• [Exercise directions] Go through the records below and show every line with the string "Figure".

#### Records for this exercise ####

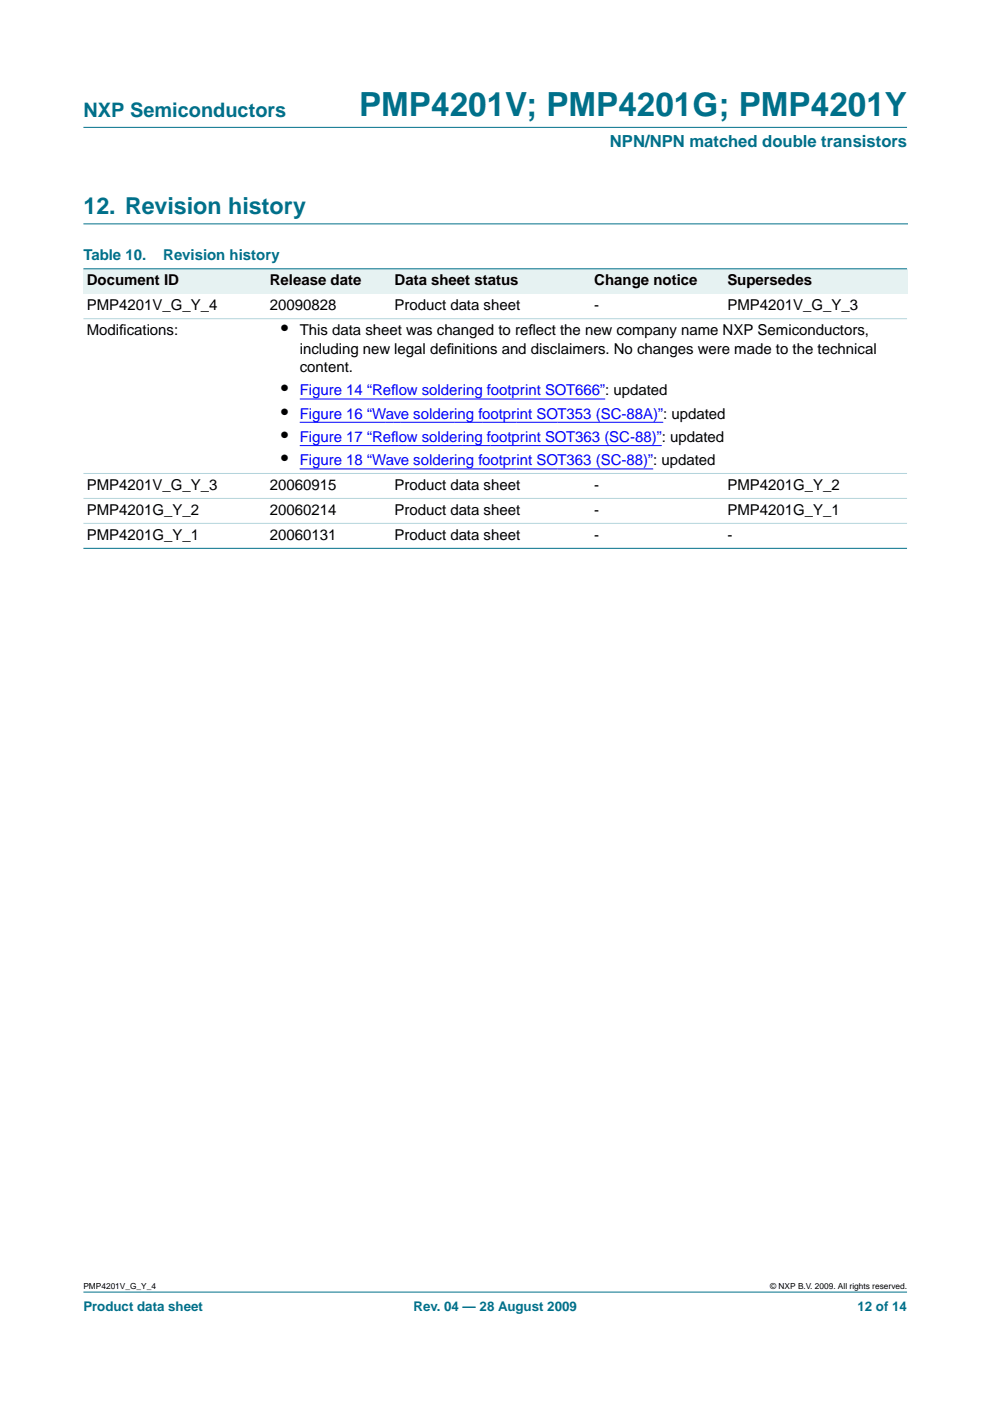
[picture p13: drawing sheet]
<svg xmlns="http://www.w3.org/2000/svg" width="210mm" height="297mm" viewBox="0 0 210 297" stroke-linecap="round" stroke-linejoin="round" font-family="sans-serif">
<defs><g id="words">
<text font-size="7.1" fill="#00708a" x="76.1" y="24.7">PMP4201V; PMP4201G; PMP4201Y</text>
<text font-size="4.9" fill="#00708a" x="17.7" y="45.5">12. Revision history</text>
<text font-size="4.2" fill="#00708a" x="17.7" y="24.9">NXP Semiconductors</text>
<g font-size="4.2">
<text x="59.6" y="71.1">•</text>
<text x="59.6" y="83.8">•</text>
<text x="59.6" y="88.7">•</text>
<text x="59.6" y="93.7">•</text>
<text x="59.6" y="98.6">•</text>
</g>
<text font-size="3.5" fill="#00708a" x="129.3" y="31.1">NPN/NPN matched double transistors</text>
<g font-size="3.2" fill="#00708a">
<text x="17.7" y="55.2">Table 10.</text>
<text x="34.6" y="55.2">Revision history</text>
</g>
<g font-size="3.2">
<text x="18.4" y="65.8">PMP4201V_G_Y_4</text>
<text x="18.4" y="60.5">Document ID</text>
<text x="57.2" y="60.5">Release date</text>
<text x="57.2" y="65.8">20090828</text>
<text x="83.7" y="60.5">Data sheet status</text>
<text x="83.7" y="65.8">Product data sheet</text>
<text x="126" y="60.5">Change notice</text>
<text x="126" y="65.8">-</text>
<text x="154.2" y="60.5">Supersedes</text>
<text x="154.2" y="65.8">PMP4201V_G_Y_3</text>
<text x="18.4" y="71.1">Modif</text>
<text x="25.3" y="71.1">ications:</text>
<text x="63.5" y="71.1">This data sheet was changed to ref</text>
<text x="112" y="71.1">lect the new company name NXP Semiconductors,</text>
<text x="63.5" y="75">including new legal def</text>
<text x="94.7" y="75">initions and disclaimers. No changes were made to the technical</text>
<text x="63.5" y="78.9">content.</text>
<text x="18.4" y="103.9">PMP4201V_G_Y_3</text>
<text x="57.2" y="103.9">20060915</text>
<text x="83.7" y="103.9">Product data sheet</text>
<text x="126" y="103.9">-</text>
<text x="154.2" y="103.9">PMP4201G_Y_2</text>
<text x="18.4" y="109.2">PMP4201G_Y_2</text>
<text x="57.2" y="109.2">20060214</text>
<text x="83.7" y="109.2">Product data sheet</text>
<text x="126" y="109.2">-</text>
<text x="154.2" y="109.2">PMP4201G_Y_1</text>
<text x="18.4" y="114.5">PMP4201G_Y_1</text>
<text x="57.2" y="114.5">20060131</text>
<text x="83.7" y="114.5">Product data sheet</text>
<text x="126" y="114.5">-</text>
<text x="154.2" y="114.5">-</text>
</g>
<g font-size="3.2" fill="#00f">
<text x="63.5" y="83.8">Figure 14 “Refow soldering footprint SOT666”: updated</text>
<text x="83" y="83.8">l</text>
<text x="63.5" y="88.7">Figure 16 “Wave soldering footprint SOT353 (SC-88A)”: updated</text>
<text x="63.5" y="93.7">Figure 17 “Refow soldering footprint SOT363 (SC-88)”: updated</text>
<text x="83" y="93.7">l</text>
<text x="63.5" y="98.6">Figure 18 “Wave soldering footprint SOT363 (SC-88)”: updated</text>
</g>
<g font-size="2.8" fill="#00708a">
<text x="17.7" y="278">Product data sheet</text>
<text x="87.7" y="278">Rev. 04 — 28 August 2009</text>
<text x="181.8" y="278">12 of 14</text>
</g>
<g font-size="1.8">
<text x="17.7" y="273.4">PMP4201V_G_Y_4</text>
<text x="163.3" y="273.4">© NXP B.V. 2009. All rights reserved.</text>
</g>
</g></defs>
<g fill="#00708a" stroke="#00708a" stroke-width=".21">
<path d="M17.7 273.9h174.6z"/>
<path d="M17.7 27h174.6z"/>
</g>
<path d="M17.7 47.5h174.7" fill="none" stroke="#00708a" stroke-width=".21"/>
<g fill="#e6f2f2">
<path d="M17.7 57h38.8v5.3h-38.8z" fill-rule="evenodd"/>
<path d="M56.5 57h26.5v5.3h-26.5z" fill-rule="evenodd"/>
<path d="M83 57h42.3v5.3h-42.3z" fill-rule="evenodd"/>
<path d="M125.3 57h28.2v5.3h-28.2z" fill-rule="evenodd"/>
<path d="M153.5 57h38.8v5.3h-38.8z" fill-rule="evenodd"/>
</g>
<path d="M63.5 84.6h64.8M63.5 89.5h77.1M63.5 94.5h76.8M63.5 99.4h75" fill="none" stroke="#00f" stroke-width=".21"/>
<g fill="#00708a" stroke="#00708a" stroke-width=".21">
<path d="M17.7 57h174.6z"/>
<path d="M17.7 116.3h174.6z"/>
</g>
<g fill="#b3d4db" stroke="#b3d4db" stroke-width=".21">
<path d="M17.7 67.6h174.6z"/>
<path d="M17.7 100.4h174.6z"/>
<path d="M17.7 105.7h174.6z"/>
<path d="M17.7 111h174.6z"/>
</g>
<use href="#words"/>
</svg>

####

• [Response box]
<text x="63.5" y="83.8">Figure 14 “Refow soldering footprint SOT666”: updated</text>
<text x="63.5" y="88.7">Figure 16 “Wave soldering footprint SOT353 (SC-88A)”: updated</text>
<text x="63.5" y="93.7">Figure 17 “Refow soldering footprint SOT363 (SC-88)”: updated</text>
<text x="63.5" y="98.6">Figure 18 “Wave soldering footprint SOT363 (SC-88)”: updated</text>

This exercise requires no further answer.